Travel limiter

A travel limiter is a (semi-)circular window that is stuck on your transmitter, to limit how far you can move the cyclic stick into the corner.
Everyone seems to use a circular travel limiter, but here I show that this is only correct if no exponential is used. When exponential is used, the shape of the travel limiter has to be adapted to fit the amount of exponential.

Stick and servo deflection

We start with the estimated servo deflection f(x,p)- see my estimation. Note that this formula is for Futaba FF8s, for other transmitters the formula and resulting corrected travel limiter may be slightly different.

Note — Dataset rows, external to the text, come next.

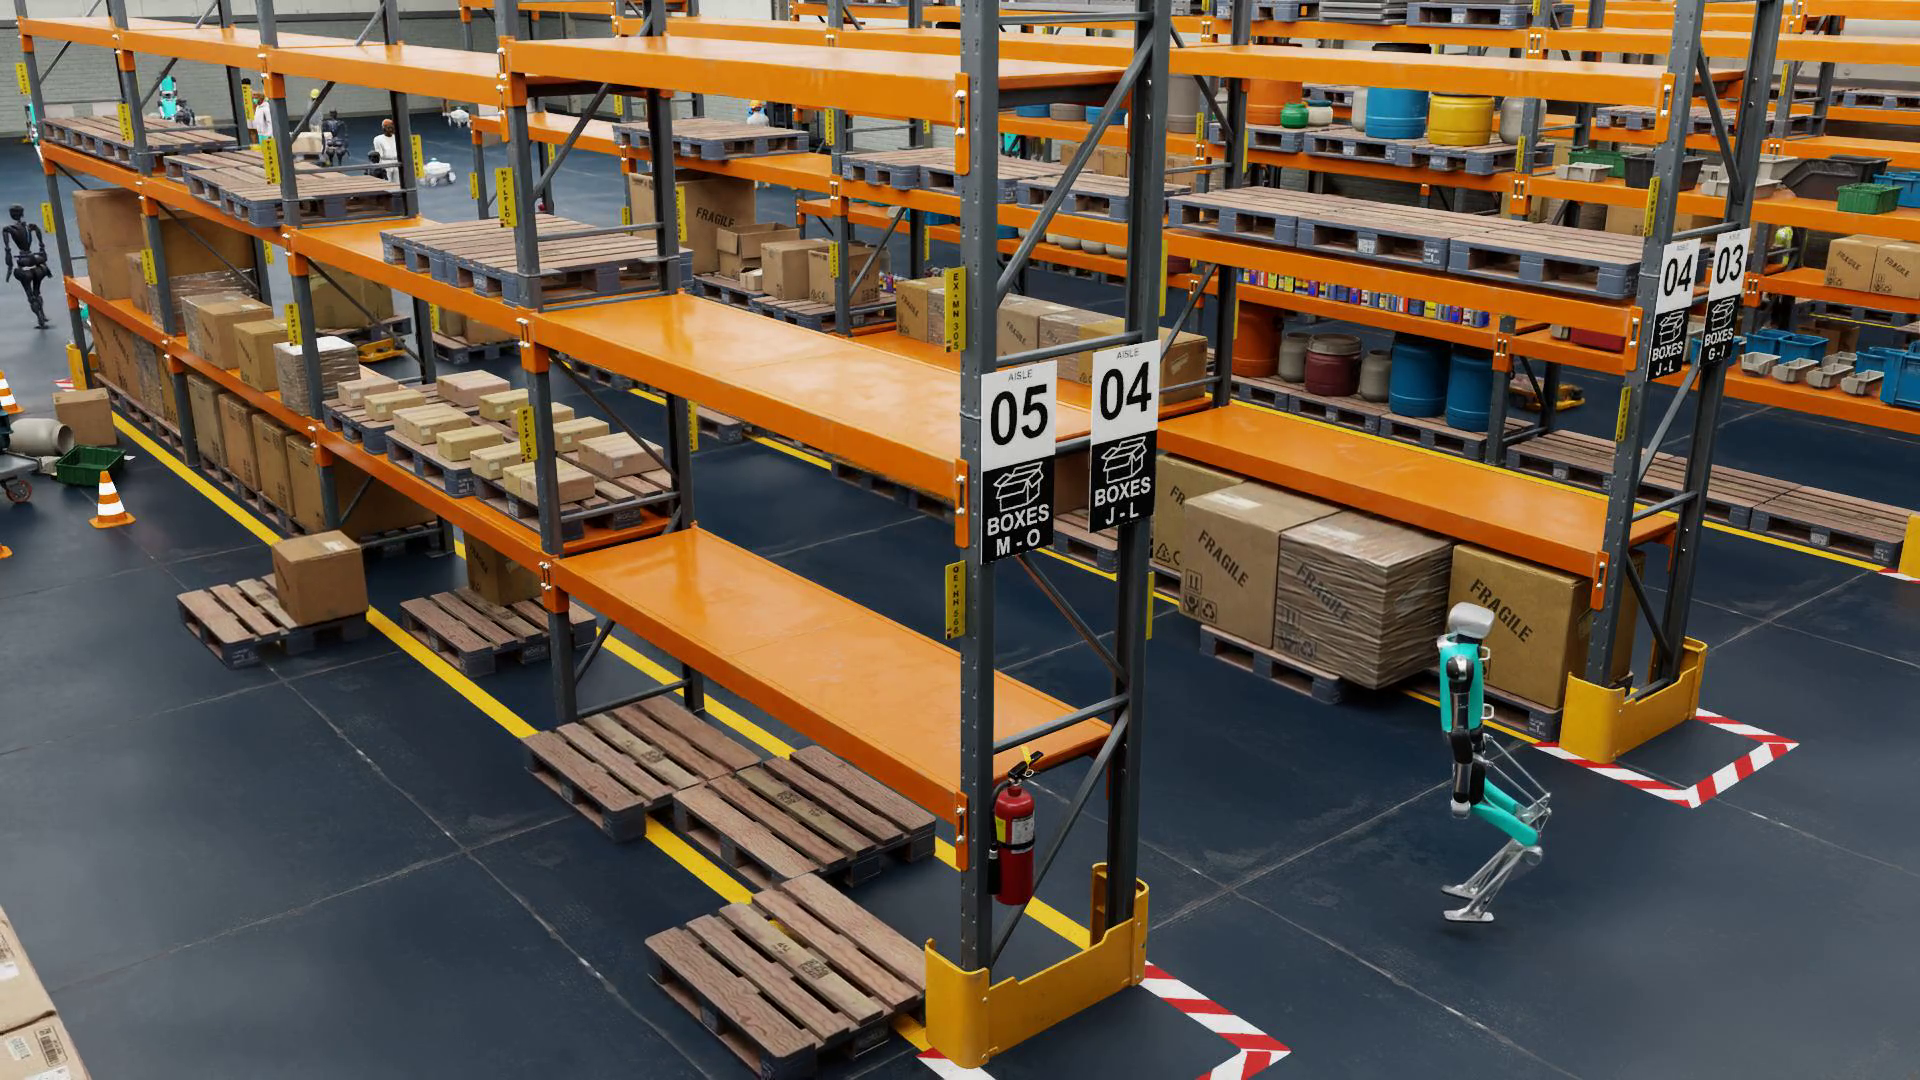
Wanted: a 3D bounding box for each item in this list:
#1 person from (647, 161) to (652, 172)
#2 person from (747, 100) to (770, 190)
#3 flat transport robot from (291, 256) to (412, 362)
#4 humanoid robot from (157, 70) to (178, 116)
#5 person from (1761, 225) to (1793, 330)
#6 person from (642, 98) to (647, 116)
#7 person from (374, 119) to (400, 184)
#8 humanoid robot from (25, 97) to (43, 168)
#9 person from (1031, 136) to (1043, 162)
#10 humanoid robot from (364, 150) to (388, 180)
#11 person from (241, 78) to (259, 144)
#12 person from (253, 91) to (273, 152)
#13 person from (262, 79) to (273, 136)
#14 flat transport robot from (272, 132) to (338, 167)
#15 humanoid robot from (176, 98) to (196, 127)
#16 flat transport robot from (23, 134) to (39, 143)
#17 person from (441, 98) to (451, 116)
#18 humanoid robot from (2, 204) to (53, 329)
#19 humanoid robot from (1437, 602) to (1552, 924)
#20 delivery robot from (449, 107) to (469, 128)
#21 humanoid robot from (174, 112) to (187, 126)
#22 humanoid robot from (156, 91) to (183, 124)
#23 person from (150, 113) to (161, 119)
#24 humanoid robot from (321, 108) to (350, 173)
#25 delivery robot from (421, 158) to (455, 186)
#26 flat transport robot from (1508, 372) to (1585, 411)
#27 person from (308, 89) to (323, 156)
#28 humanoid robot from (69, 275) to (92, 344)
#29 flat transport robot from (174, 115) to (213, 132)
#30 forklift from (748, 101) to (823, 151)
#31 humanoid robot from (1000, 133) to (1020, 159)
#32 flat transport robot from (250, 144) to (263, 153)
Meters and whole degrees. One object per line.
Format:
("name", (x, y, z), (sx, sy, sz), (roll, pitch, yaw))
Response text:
("person", (-6.035, -7.593, 33.340), (0.471, 1.735, 0.326), (-2, 19, -6))
("person", (-4.307, -8.446, 35.536), (0.569, 1.889, 0.389), (-12, 22, -30))
("flat transport robot", (-7.674, -2.443, 20.890), (1.431, 0.231, 0.659), (11, 22, 28))
("humanoid robot", (-22.158, -12.165, 46.390), (0.547, 1.808, 0.774), (3, 20, 7))
("person", (10.780, -3.578, 21.967), (0.553, 1.682, 0.413), (-14, 24, -35))
("person", (-7.904, -11.012, 42.737), (0.493, 1.952, 0.640), (-8, 21, -21))
("person", (-10.723, -6.982, 31.390), (0.566, 1.878, 0.354), (-15, 24, -36))
("humanoid robot", (-21.241, -9.382, 38.439), (0.554, 1.735, 1.014), (-11, 22, -29))
("person", (1.574, -8.020, 34.579), (0.602, 1.714, 0.884), (-16, 25, -38))
("humanoid robot", (-9.849, -5.742, 28.133), (0.599, 1.657, 0.315), (10, 22, 26))
("person", (-18.016, -10.819, 42.360), (0.789, 1.843, 0.419), (8, 21, 21))
("person", (-15.611, -9.105, 37.367), (0.498, 1.915, 0.372), (16, 25, 38))
("person", (-18.568, -11.584, 44.747), (0.320, 1.697, 0.531), (-7, 21, -20))
("flat transport robot", (-15.344, -8.834, 39.076), (0.659, 0.231, 1.431), (-1, 19, -4))
("humanoid robot", (-18.084, -9.500, 38.872), (0.664, 1.633, 0.584), (8, 21, 20))
("flat transport robot", (-24.326, -10.691, 44.362), (1.431, 0.231, 0.659), (13, 23, 33))
("person", (-16.045, -14.169, 51.850), (0.499, 1.870, 0.378), (16, 25, 37))
("humanoid robot", (-12.474, -3.660, 22.242), (0.486, 1.641, 0.613), (10, 22, 27))
("humanoid robot", (2.698, 1.136, 8.286), (0.735, 1.677, 0.533), (6, 20, 16))
("delivery robot", (-14.652, -12.378, 48.719), (0.499, 0.585, 0.775), (-12, 23, -31))
("humanoid robot", (-16.316, -8.158, 35.035), (0.379, 1.659, 0.598), (-4, 20, -12))
("humanoid robot", (-18.453, -9.651, 39.202), (0.543, 1.773, 0.859), (-17, 26, -40))
("person", (-15.659, -7.403, 32.577), (0.534, 1.878, 0.458), (4, 20, 10))
("humanoid robot", (-13.591, -8.542, 36.131), (0.593, 1.635, 0.367), (-4, 20, -11))
("delivery robot", (-11.487, -8.059, 36.422), (0.499, 0.583, 0.767), (7, 21, 19))
("flat transport robot", (6.249, -1.705, 18.789), (0.659, 0.231, 1.431), (-14, 24, -34))
("person", (-15.676, -10.076, 40.427), (0.683, 1.729, 0.293), (13, 23, 33))
("humanoid robot", (-10.932, -3.160, 20.823), (0.871, 1.840, 0.546), (0, 19, 1))
("flat transport robot", (-19.200, -9.761, 41.715), (1.431, 0.231, 0.659), (-6, 20, -15))
("forklift", (-4.526, -11.368, 42.374), (1.129, 2.768, 1.873), (-15, 24, -37))
("humanoid robot", (1.136, -7.474, 32.945), (0.539, 1.755, 0.699), (13, 23, 32))
("flat transport robot", (-18.295, -9.854, 41.980), (1.431, 0.231, 0.659), (2, 19, 7))

               e-2.5 p x-1
f(x,p)= ----------------
                e-2.5 p-1

We now extend this to the two-dimensional case:

g(x,px,y,py) = { f(x,px) ,f(y,py) }

where x is the x-deflection (aileron) and px is the amount of expo for the aileron, and y is the y-deflection (elevator) and py is the amount of expo for the elevator. g is a two-vector: a pair of x-servo-deflectio and y-servo-deflection.
Now the total cyclic deflection d will be roughly equivalent to the 'diagonal' of the two servo deflections, and using pythagoras gives

d(x,px,y,py)=sqrt(f(x,px)2 + f(y,py)2)



Figures

Now we will plot what a 'correct' cyclic travel limiter looks like when using expo. If no exponential is used (0% in all directions), the limiter will be circular. The most usual exponential for the cyclic is to make the cyclic less sensitive around the midpoint, allowing more accurate hovering while not restricting the maximum roll rates. For Futaba this calls for negative values for the expo, on JR I heard that this calls for positive values. When such expo is used the circle of the limiter window has to be stretched towards the corners as in the pictures.

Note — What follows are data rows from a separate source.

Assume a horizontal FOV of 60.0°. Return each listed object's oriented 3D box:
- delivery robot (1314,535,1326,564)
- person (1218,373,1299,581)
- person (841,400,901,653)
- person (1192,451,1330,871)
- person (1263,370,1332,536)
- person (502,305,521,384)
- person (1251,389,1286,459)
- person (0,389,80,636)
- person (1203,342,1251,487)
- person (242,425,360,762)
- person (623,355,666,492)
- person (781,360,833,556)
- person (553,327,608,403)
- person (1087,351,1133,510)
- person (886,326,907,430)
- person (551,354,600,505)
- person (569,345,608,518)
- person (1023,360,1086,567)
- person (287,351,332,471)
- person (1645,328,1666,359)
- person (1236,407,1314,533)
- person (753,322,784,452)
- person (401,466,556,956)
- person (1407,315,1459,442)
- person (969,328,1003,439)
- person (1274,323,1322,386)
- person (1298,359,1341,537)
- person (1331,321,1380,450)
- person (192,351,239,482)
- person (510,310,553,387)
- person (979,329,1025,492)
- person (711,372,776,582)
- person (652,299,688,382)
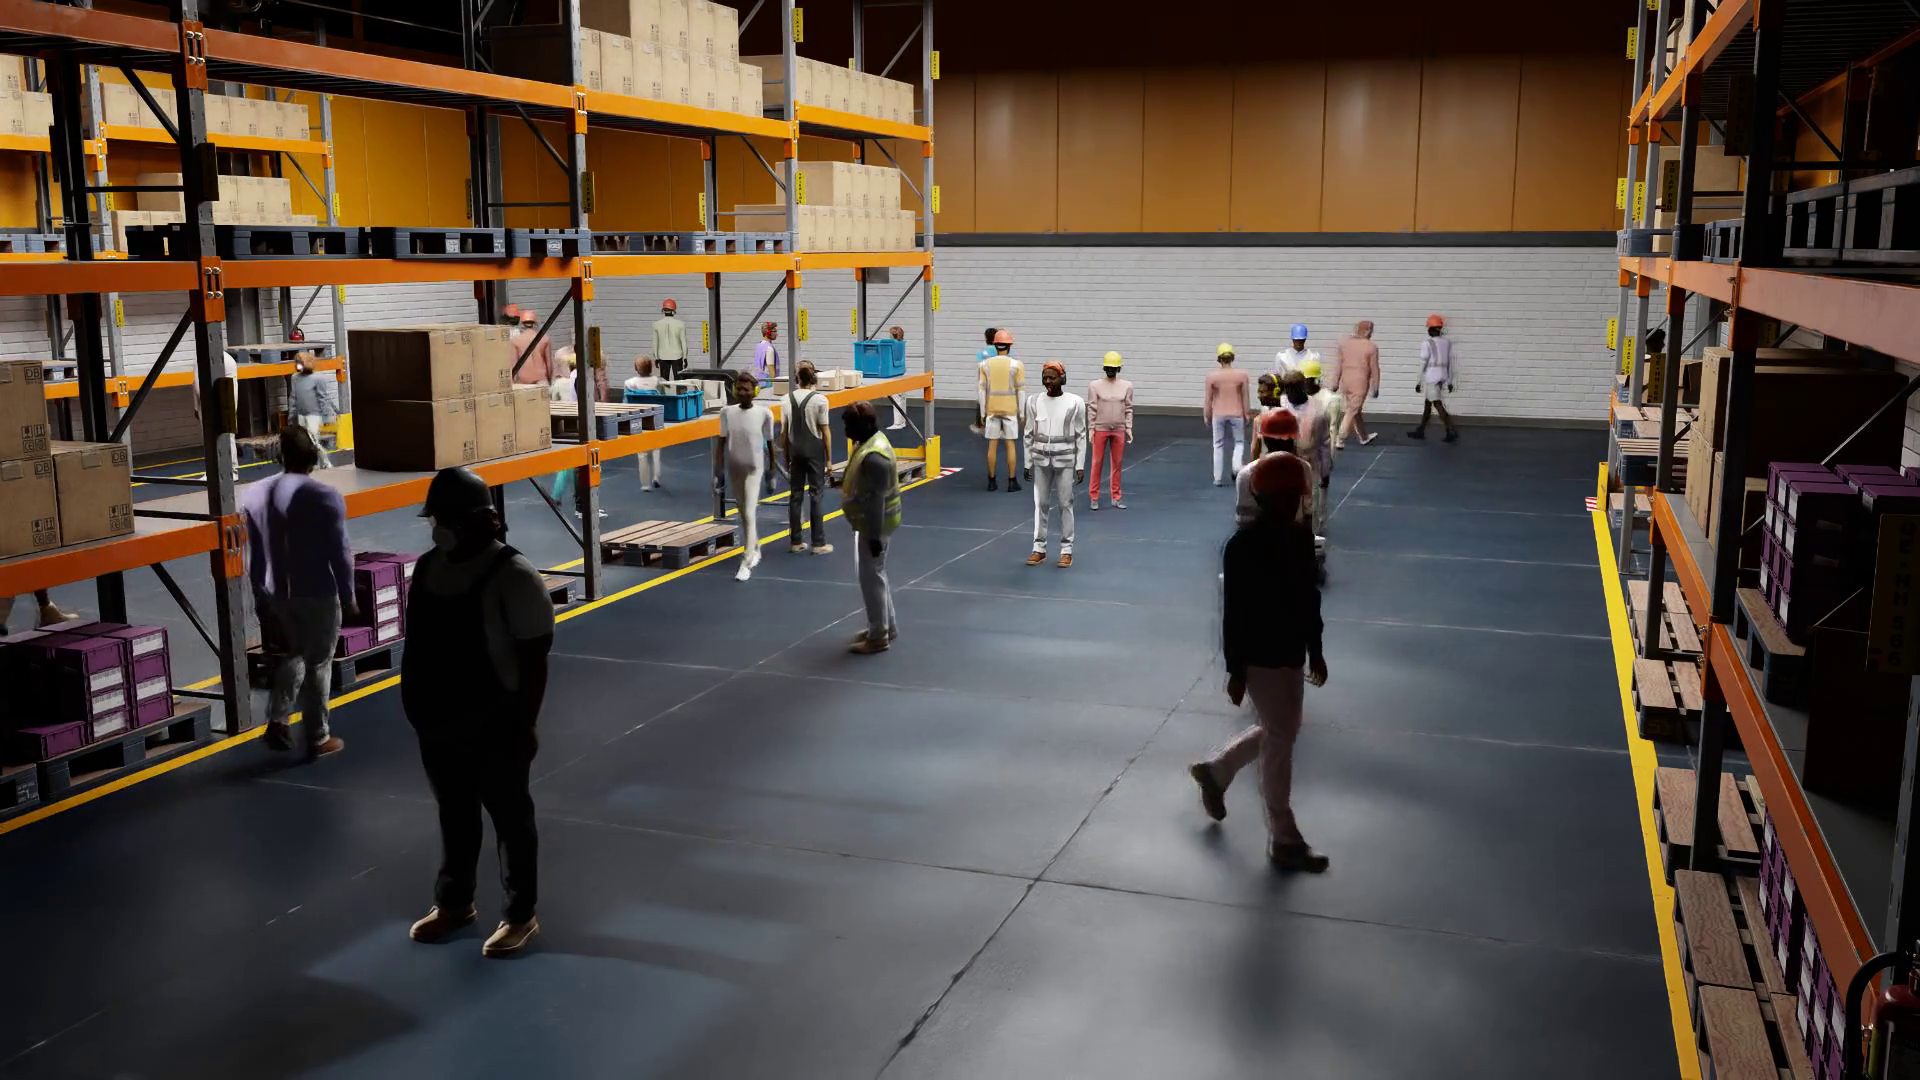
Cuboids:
[{"bbox_3d":[2.880,0.036,14.538,0.477,0.478,0.707,-4,11,-22],"label":"delivery robot"},{"bbox_3d":[2.577,-0.502,14.223,0.893,1.832,0.486,-2,10,-12],"label":"person"},{"bbox_3d":[-0.622,-0.097,11.986,0.464,1.823,0.667,-2,10,-9],"label":"person"},{"bbox_3d":[1.452,0.537,7.984,0.839,1.973,0.615,10,14,43],"label":"person"},{"bbox_3d":[3.040,-0.635,15.054,0.642,1.807,0.478,2,10,11],"label":"person"},{"bbox_3d":[-7.222,-2.761,26.570,1.082,1.985,0.599,-7,12,-36],"label":"person"},{"bbox_3d":[2.915,-0.600,15.324,0.517,1.639,0.314,8,13,38],"label":"person"},{"bbox_3d":[-7.016,-0.268,12.406,0.616,2.024,0.793,4,11,22],"label":"person"},{"bbox_3d":[3.218,-1.498,20.046,0.576,1.756,0.456,1,10,8],"label":"person"},{"bbox_3d":[-3.698,0.311,9.420,0.628,1.926,0.431,3,11,18],"label":"person"},{"bbox_3d":[-3.747,-1.391,19.804,0.547,1.619,0.458,-4,11,-20],"label":"person"},{"bbox_3d":[-1.450,-0.773,15.751,0.537,1.845,0.381,4,11,23],"label":"person"},{"bbox_3d":[-4.959,-1.816,21.518,0.850,1.881,0.543,0,10,3],"label":"person"},{"bbox_3d":[1.664,-1.206,18.398,0.523,1.763,0.329,-2,10,-11],"label":"person"},{"bbox_3d":[-0.996,-2.574,26.433,0.308,1.645,0.514,3,10,14],"label":"person"},{"bbox_3d":[-4.434,-1.262,18.849,0.536,1.719,0.806,6,12,31],"label":"person"},{"bbox_3d":[-4.035,-1.191,17.869,0.392,1.920,0.587,-3,11,-16],"label":"person"},{"bbox_3d":[0.854,-0.690,15.149,0.585,1.882,0.340,4,11,21],"label":"person"},{"bbox_3d":[-8.081,-1.525,20.600,0.505,1.618,0.333,5,11,25],"label":"person"},{"bbox_3d":[8.073,-1.507,19.516,0.367,1.966,0.607,-4,11,-20],"label":"person"},{"bbox_3d":[1.994,0.102,10.585,0.562,1.918,0.465,-4,11,-22],"label":"person"},{"bbox_3d":[-2.724,-2.162,23.543,0.390,1.846,0.564,-5,11,-25],"label":"person"},{"bbox_3d":[-2.031,0.702,6.864,0.681,2.000,0.536,5,11,28],"label":"person"},{"bbox_3d":[7.126,-2.406,24.827,0.553,1.892,0.994,-6,12,-32],"label":"person"},{"bbox_3d":[0.444,-2.387,25.318,0.554,1.650,0.847,-5,11,-25],"label":"person"},{"bbox_3d":[4.263,-1.773,21.094,0.611,1.938,0.413,2,10,11],"label":"person"},{"bbox_3d":[3.484,-0.888,16.461,0.463,1.812,0.616,-9,14,-42],"label":"person"},{"bbox_3d":[5.714,-2.220,23.896,1.036,1.840,0.696,-8,13,-38],"label":"person"},{"bbox_3d":[-9.170,-1.637,20.416,0.652,1.906,0.402,4,11,23],"label":"person"},{"bbox_3d":[-6.358,-2.413,24.650,0.631,1.948,0.960,-4,11,-21],"label":"person"},{"bbox_3d":[0.507,-1.537,19.771,0.551,1.932,0.378,2,10,13],"label":"person"},{"bbox_3d":[-1.907,-0.596,14.815,0.520,1.826,0.994,2,10,12],"label":"person"},{"bbox_3d":[-4.984,-3.148,28.680,0.608,1.995,0.377,1,10,3],"label":"person"}]

Corrected shape of travel limiter with -30% expo. The center of the stick is in the left bottom, full right aileron is at right bottom, and full forward elevator at left top. The iso-deflection lines show stick positions that result in equal cyclic deflection. Idem, but with -50% expo.

For positive exponential the corners would have to be pulled towards the middle as in this figure:



Shape of travel limiter with +30% expo.

And of course you can think of combinations:



Shape of travel limiter with -40% expo on the aileron and none on the elevator.

Unequal aileron and elevator

Another unexpected effect I found is that the aileron and elevator have different travel distances to full stick deflection. The aileron travel is about 1mm longer than the elevator travel. To compensate for this, the cyclic travel limiter would have to be slightly elliptic as well. However this difference can also be compensated with the ATV, assuming the radio first electronically limits the travel and then apply expo (and not first apply expo and then limit the travel).

Conclusion

When using exponential on the cyclic, a travel limiter has to be non-circular if the maximum roll rates are to be reached also in the corner. With a circular travel limiter and negative expo, roll rates will be a lot lower in the corner (when using both aileron and elevator simultaneously) than with pure aileron or pure elevator.
We derived the formulas, and plotted figures showing how the correct shape of the travel limiter depends on the amount of exponential.